The problem with leaf-directory grouping
Until now, when masstin finished parsing a folder of evidence, the per-artifact breakdown was grouped by the immediate parent directory name of each EVTX file. That sounds reasonable until you realise what happens in real cases.
If you have three KAPE triage zips in D:\evidence\, all containing EVTX files inside the same internal subdirectory (<host>\C\Windows\System32\winevt\Logs\), masstin would render them all as a single group called Logs:
[+] Artifacts with lateral movement events:
=> Logs (12,847 events total)
- Security.evtx (10,234)
- Microsoft-Windows-WinRM%4Operational.evtx (1,453)
- Microsoft-Windows-TerminalServices-LocalSessionManager%4Operational.evtx (1,160)
Three different hosts, three different triages, all collapsed into “Logs”. The analyst has no way to tell which events came from which collection. And it gets worse when you mix triages with forensic images and loose EVTX dumps in the same folder — every source flavour merged into anonymous leaf-directory buckets.
The same was true for the discovery phase: masstin would say 100 compressed packages found when there were actually 100 EVTX inside 2 archives — the count was right but the noun was wrong, and there was no way to know what kind of archives they were.

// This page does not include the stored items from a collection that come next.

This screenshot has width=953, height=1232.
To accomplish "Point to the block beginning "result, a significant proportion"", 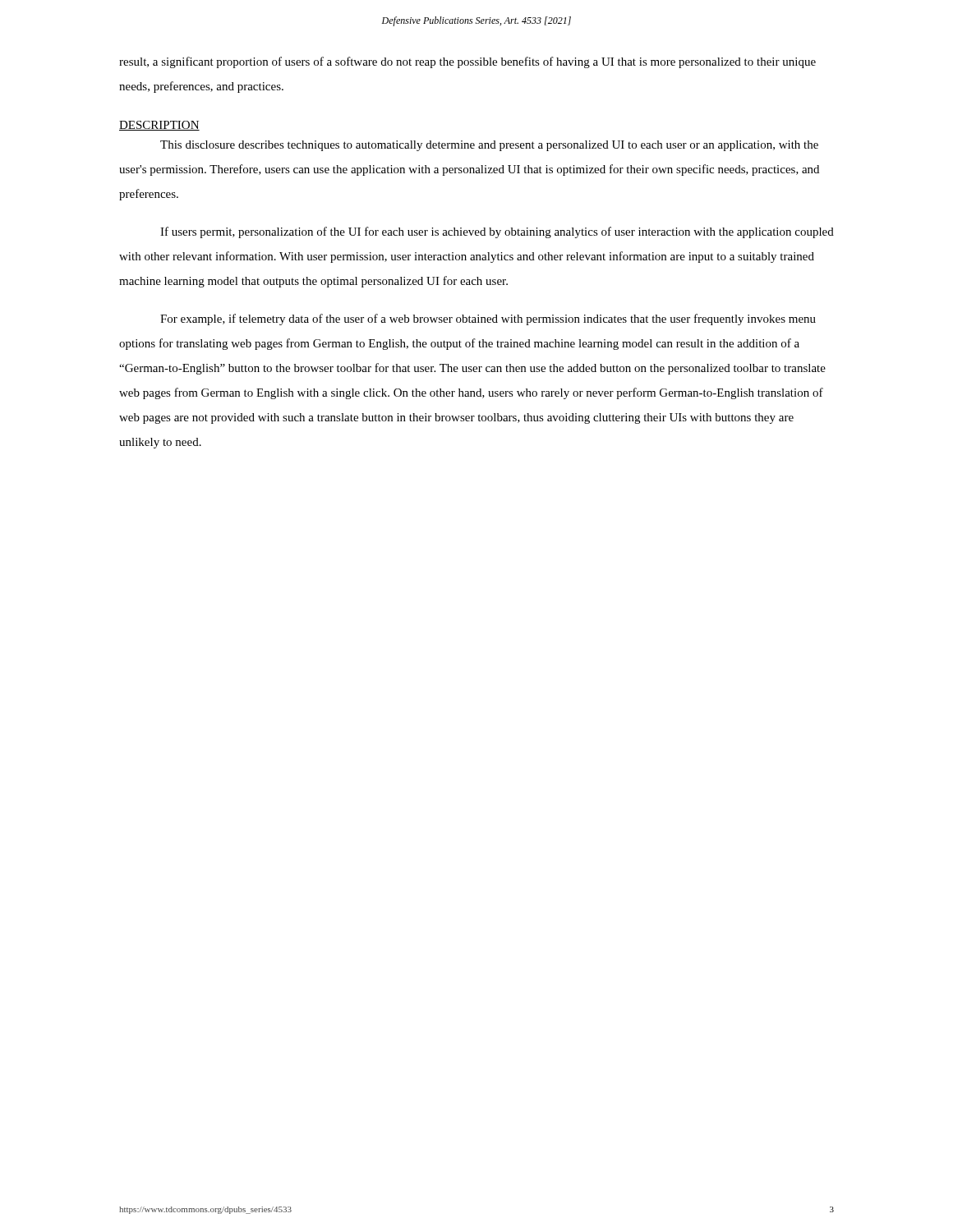I will pos(467,74).
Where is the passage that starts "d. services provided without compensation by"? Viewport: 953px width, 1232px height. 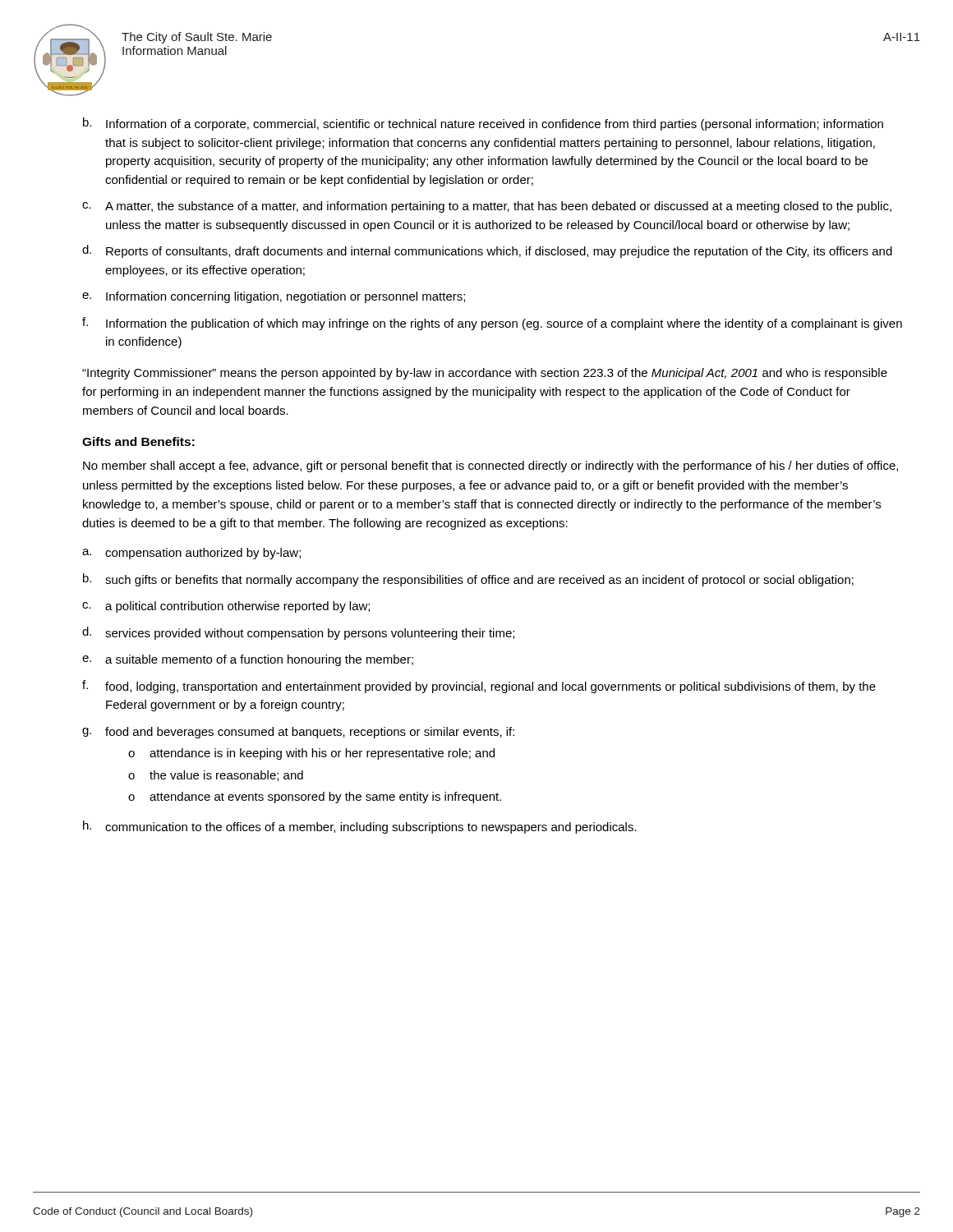299,633
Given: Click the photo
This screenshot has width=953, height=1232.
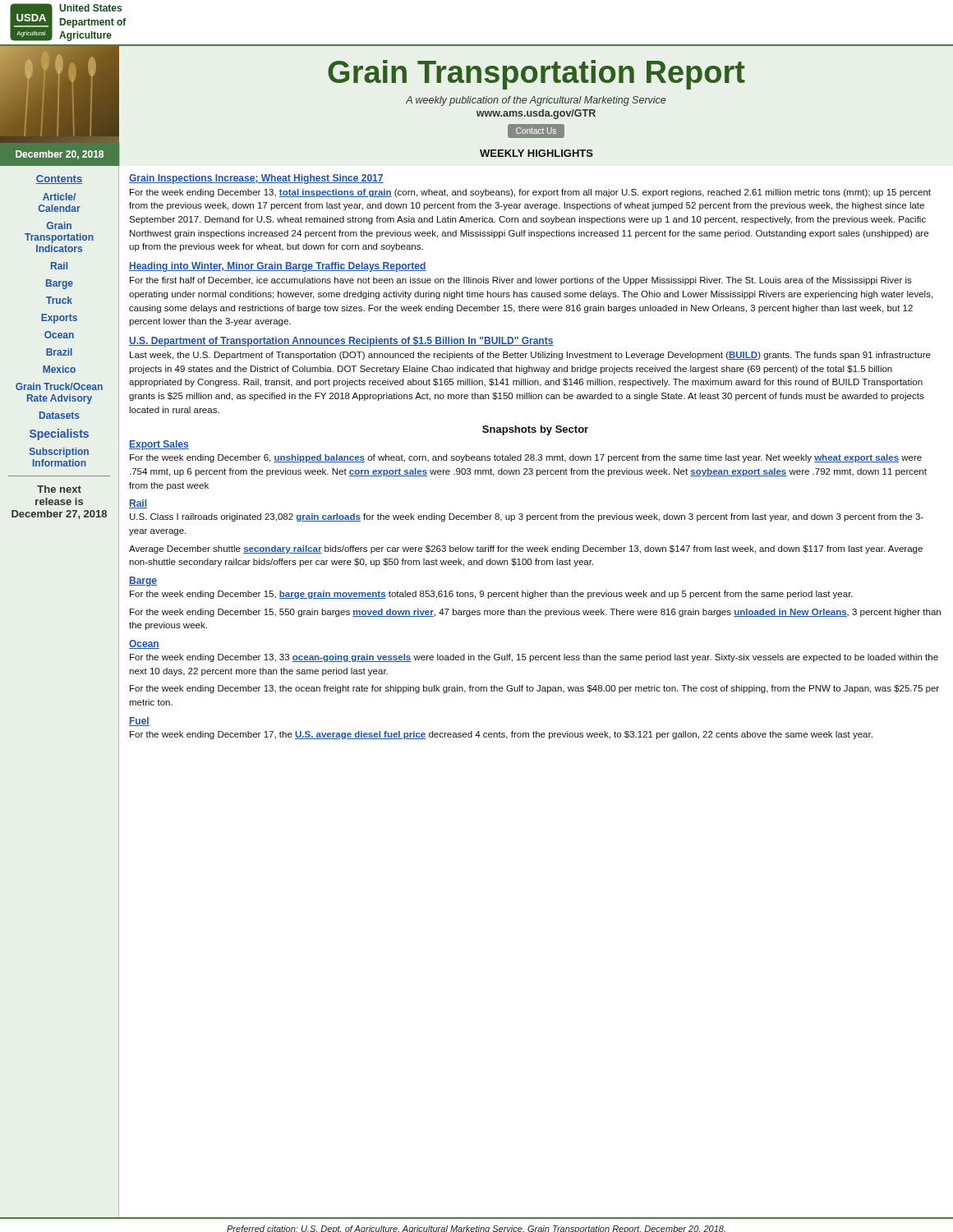Looking at the screenshot, I should (x=60, y=94).
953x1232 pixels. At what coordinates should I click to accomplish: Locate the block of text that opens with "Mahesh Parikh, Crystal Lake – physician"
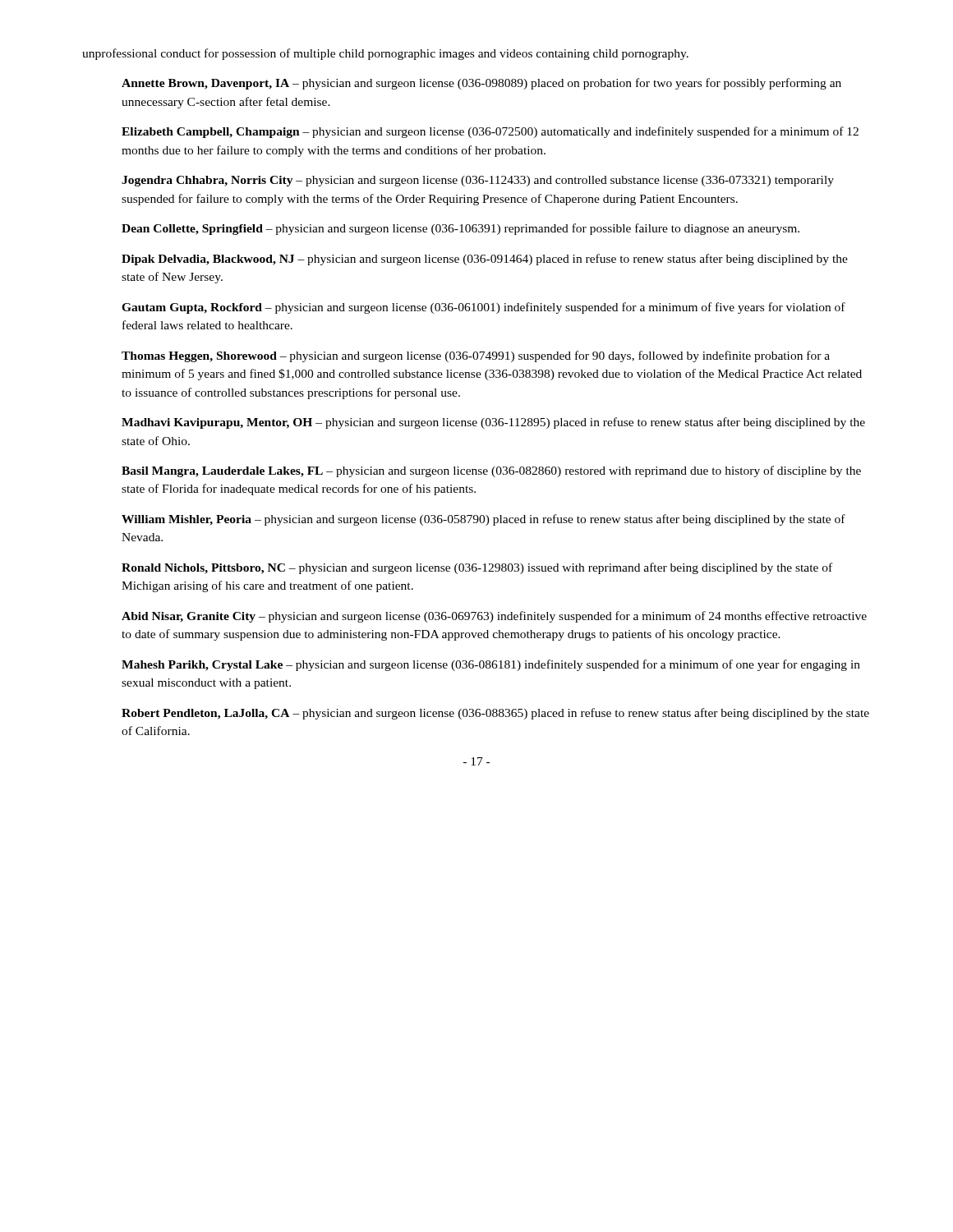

This post documents the v0.12 fix: triage detection during the directory walk, and per-source grouping in the final breakdown.
Three triage tools, three signatures
Most DFIR teams converge on a small set of triage collectors. From talking to analysts and looking at real case data, the three that come up over and over are:
- KAPE (Kroll Artifact Parser and Extractor) — the de facto standard for Windows targeted-collection
- Velociraptor Offline Collector — Velocidex’s standalone collector, increasingly common for Linux+Windows mixed environments
- Cortex XDR Offline Collector — Palo Alto’s collector for endpoints already running the XDR agent
Each one produces ZIP archives with a recognisable internal layout. Detection is just pattern matching against the top-level entry list of a ZIP, and the patterns are stable enough that we can detect each one reliably without false positives.
Cortex XDR — the easy one
Cortex XDR’s offline collector writes a file called cortex-xdr-payload.log to its output. This filename is unique to the XDR collector — no other DFIR tool uses it, no normal triage process produces it. A single match is conclusive.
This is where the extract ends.